• Task description:
Set down exactly, from the records below, the line with "Answer: 92 How" through the line with "Answer: 4 What", and nothing else.

• Stored dataset items:
·····

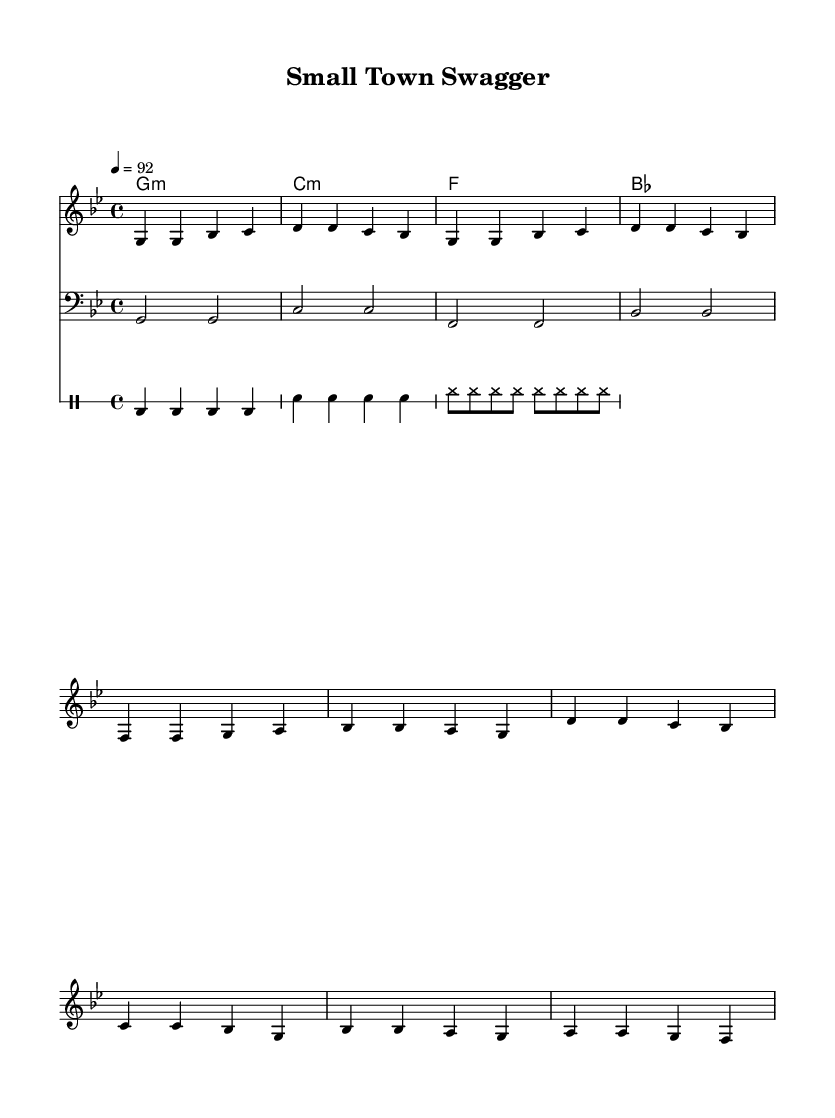What is the key signature of this music? The key signature indicated in the sheet music is G minor, which has two flats (B flat and E flat).
Answer: G minor What is the time signature of this piece? The time signature shown in the sheet music is 4/4, meaning there are four beats in each measure and a quarter note receives one beat.
Answer: 4/4 What is the tempo marking for this music? The tempo marking provided in the music is 92 beats per minute, indicated by the notation "4 = 92."
Answer: 92 How many measures are there in the verse section? Counting the measures of the section labeled "Verse," there are four measures in total, marked with specific melodic and harmonic patterns.
Answer: 4 What chord is played on the first beat of the chorus? The chord on the first beat of the chorus is D minor, as indicated by the chord layout specified at the beginning of that section.
Answer: D minor Which instrument plays the bass line in this composition? The bass line is played by the bass staff, which is specifically notated to indicate lower register pitches, distinct from the treble staff used for melody.
Answer: Bass What characteristic makes this piece a Hip Hop anthem? The piece incorporates elements common in Hip Hop, such as a strong backbeat from the drums, repetitive melodic hooks, and a focus on community themes represented in the lyrics.
Answer: Community themes

·····

• Solution to this task:
Answer: 92 How many measures are there in the verse section? Counting the measures of the section labeled "Verse," there are four measures in total, marked with specific melodic and harmonic patterns.
Answer: 4 What chord is played on the first beat of the chorus? The chord on the first beat of the chorus is D minor, as indicated by the chord layout specified at the beginning of that section.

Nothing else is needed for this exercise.